Which is from https://gerrit.wikimedia.org/r/c/operations/mediawiki-config/+/1140206

The simplest fix here is git reset --hard origin/master on those hosts.

Locally, you have two changes with the same parent commit. Both of these changes came from the gerrit server due to this incident.

There was no correct state we could restore to on the gerrit host, so we picked the first change as the correct change on the gerrit server. If you reset to origin/master then you will reset your local copy of this repo to what we have on the server.

Longer explanation:

  • We had two gerrit primaries for a short period of time: gerrit1003 and gerrit2002—each were trying to replicate to one another
  • gerrit.wikimedia.org pointed to gerrit1003, the intended primary
  • Two changes merged to operations/mediawiki-config during the time we had two primaries
  • After the first change merged on gerrit1003, gerrit2002's replication overwrote that change
  • Then another change merged.
  • If you pulled after the second change was merged, you may end up in this state.
  • I believe having a git config that tells git how to reconcile this should make the pull invisible (depending on your config, you may just see (forced-update). Or you could manually fix this issue with git reset --hard origin/master. I think the latter seems the best since this problem should never happen—this was an exceptional situation.

Thank you Daniel. This fixed the issue.
I've fixed all sanitarium hosts and the 8 clouddb hosts + an-redacteddb1001

Change #1141862 had a related patch set uploaded (by Arnaudb; author: Arnaudb):

[operations/cookbooks@master] gerrit: probe DNS on both hosts before doing stuff

https://gerrit.wikimedia.org/r/1141862

Change #1142793 had a related patch set uploaded (by Arnaudb; author: Arnaudb):

[operations/cookbooks@master] gerrit: safeguards against corruptions and mishaps

https://gerrit.wikimedia.org/r/1142793

Change #1143102 had a related patch set uploaded (by Arnaudb; author: Arnaudb):

[operations/cookbooks@master] gerrit: grepping for misconfigurations

https://gerrit.wikimedia.org/r/1143102

Change #1144565 had a related patch set uploaded (by Arnaudb; author: Arnaudb):

[operations/cookbooks@master] gerrit: git backup tree consistency checker

https://gerrit.wikimedia.org/r/1144565

Change #1140506 merged by Arnaudb:

[operations/puppet@production] gerrit: enable bacula backups on gerrit2002

https://gerrit.wikimedia.org/r/1140506

Change #1145208 had a related patch set uploaded (by Arnaudb; author: Arnaudb):

[operations/cookbooks@master] gerrit: lock and preflight checks

https://gerrit.wikimedia.org/r/1145208

Change #1140507 merged by Dzahn:

[operations/puppet@production] gerrit: enable backups on gerrit2003

https://gerrit.wikimedia.org/r/1140507

19:48 <+icinga-wm> PROBLEM - Backup freshness on backup1001 is CRITICAL: All failures: 1 (gerrit2003), No backups: 1 (gerrit2003), Fresh: 143 jobs 
                   https://wikitech.wikimedia.org/wiki/Bacula%23Monitoring
19:59 < mutante> ^ I just merged a change to add that host to backups earlier.. so it's not a surprise to me there isn't one yet. I guess it's a known minor issue it alerts on that.

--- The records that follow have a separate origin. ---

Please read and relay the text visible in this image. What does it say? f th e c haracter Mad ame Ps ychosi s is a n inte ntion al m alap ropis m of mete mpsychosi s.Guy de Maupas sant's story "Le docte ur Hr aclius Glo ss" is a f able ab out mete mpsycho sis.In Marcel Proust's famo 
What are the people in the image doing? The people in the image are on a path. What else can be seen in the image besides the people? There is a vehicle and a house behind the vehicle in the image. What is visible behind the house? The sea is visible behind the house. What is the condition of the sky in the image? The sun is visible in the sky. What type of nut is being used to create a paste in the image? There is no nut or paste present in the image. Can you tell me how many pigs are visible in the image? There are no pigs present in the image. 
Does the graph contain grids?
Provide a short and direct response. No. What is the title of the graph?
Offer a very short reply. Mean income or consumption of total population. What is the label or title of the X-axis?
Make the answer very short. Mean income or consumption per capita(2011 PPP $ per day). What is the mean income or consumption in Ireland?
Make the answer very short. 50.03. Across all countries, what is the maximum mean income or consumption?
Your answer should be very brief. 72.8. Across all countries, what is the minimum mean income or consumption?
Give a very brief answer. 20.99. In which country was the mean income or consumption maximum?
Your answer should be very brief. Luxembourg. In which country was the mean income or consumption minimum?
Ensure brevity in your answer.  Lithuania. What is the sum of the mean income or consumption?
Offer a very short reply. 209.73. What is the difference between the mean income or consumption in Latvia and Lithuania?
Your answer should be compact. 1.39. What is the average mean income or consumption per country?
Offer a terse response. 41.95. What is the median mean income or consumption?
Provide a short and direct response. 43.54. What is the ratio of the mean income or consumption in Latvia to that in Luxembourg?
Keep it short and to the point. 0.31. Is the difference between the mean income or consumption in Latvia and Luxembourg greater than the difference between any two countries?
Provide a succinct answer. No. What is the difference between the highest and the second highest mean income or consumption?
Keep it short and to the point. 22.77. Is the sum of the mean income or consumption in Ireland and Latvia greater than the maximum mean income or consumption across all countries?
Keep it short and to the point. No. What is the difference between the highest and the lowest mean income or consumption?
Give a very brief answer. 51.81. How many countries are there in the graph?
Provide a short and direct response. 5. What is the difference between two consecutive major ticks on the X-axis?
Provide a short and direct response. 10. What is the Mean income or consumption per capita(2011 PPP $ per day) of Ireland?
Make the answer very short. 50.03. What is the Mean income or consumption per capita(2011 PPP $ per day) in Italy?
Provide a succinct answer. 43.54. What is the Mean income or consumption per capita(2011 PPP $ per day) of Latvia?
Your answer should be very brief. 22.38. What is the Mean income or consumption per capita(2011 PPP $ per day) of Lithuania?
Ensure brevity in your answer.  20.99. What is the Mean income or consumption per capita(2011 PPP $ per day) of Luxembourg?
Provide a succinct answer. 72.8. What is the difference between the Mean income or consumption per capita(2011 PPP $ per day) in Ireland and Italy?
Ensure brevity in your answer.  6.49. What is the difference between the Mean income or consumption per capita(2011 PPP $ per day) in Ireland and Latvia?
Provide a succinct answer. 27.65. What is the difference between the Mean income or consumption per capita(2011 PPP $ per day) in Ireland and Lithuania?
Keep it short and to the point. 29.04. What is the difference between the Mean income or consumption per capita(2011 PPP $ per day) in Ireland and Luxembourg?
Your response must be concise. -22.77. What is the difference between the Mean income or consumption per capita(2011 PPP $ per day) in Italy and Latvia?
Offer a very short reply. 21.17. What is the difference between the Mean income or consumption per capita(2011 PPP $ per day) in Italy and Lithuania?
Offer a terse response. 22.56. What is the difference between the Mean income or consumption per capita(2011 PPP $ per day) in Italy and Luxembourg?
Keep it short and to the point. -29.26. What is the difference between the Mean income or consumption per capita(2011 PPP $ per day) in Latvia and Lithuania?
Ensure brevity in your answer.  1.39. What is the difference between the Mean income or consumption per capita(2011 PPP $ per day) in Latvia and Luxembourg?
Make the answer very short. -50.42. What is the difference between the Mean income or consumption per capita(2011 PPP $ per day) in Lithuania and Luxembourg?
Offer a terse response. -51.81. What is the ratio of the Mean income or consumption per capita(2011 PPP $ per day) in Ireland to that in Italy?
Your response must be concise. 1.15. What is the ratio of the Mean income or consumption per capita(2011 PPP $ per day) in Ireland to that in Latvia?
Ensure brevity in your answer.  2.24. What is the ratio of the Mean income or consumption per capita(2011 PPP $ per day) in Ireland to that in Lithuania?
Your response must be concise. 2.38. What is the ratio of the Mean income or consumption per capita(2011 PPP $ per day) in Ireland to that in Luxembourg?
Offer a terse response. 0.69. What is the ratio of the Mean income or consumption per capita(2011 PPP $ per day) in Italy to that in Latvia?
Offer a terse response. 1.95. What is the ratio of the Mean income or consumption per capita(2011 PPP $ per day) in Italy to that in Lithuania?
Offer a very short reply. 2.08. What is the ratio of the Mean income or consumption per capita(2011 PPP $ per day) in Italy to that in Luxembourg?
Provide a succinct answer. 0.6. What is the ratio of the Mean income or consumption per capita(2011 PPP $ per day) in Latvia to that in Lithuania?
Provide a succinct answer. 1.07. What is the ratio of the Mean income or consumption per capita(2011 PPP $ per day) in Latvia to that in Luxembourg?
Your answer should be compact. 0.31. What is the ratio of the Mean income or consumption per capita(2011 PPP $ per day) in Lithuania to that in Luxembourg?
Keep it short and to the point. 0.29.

Change #1159395 had a related patch set uploaded (by Arnaudb; author: Arnaudb):

[operations/cookbooks@master] gerrit: read-only plugin orchestration in failover

https://gerrit.wikimedia.org/r/1159395

Change #1141862 merged by jenkins-bot:

[operations/cookbooks@master] gerrit: probe DNS on both hosts before doing stuff

https://gerrit.wikimedia.org/r/1141862

Change #1142793 merged by jenkins-bot:

[operations/cookbooks@master] gerrit: rsync --checksum local backup safety net

https://gerrit.wikimedia.org/r/1142793

Change #1143102 merged by jenkins-bot:

[operations/cookbooks@master] gerrit: grepping for misconfigurations

https://gerrit.wikimedia.org/r/1143102

Change #1144565 merged by jenkins-bot:

[operations/cookbooks@master] gerrit: git backup tree consistency checker

https://gerrit.wikimedia.org/r/1144565

Change #1145208 merged by jenkins-bot:

[operations/cookbooks@master] gerrit: lock, preflight checks, hieradata lookups, verbosity

https://gerrit.wikimedia.org/r/1145208

Change #1159395 merged by jenkins-bot:

[operations/cookbooks@master] gerrit: read-only plugin orchestration in failover

https://gerrit.wikimedia.org/r/1159395

LSobanski claimed this task.

Follow up work is happening in T387833: Gerrit switchover process, resolving.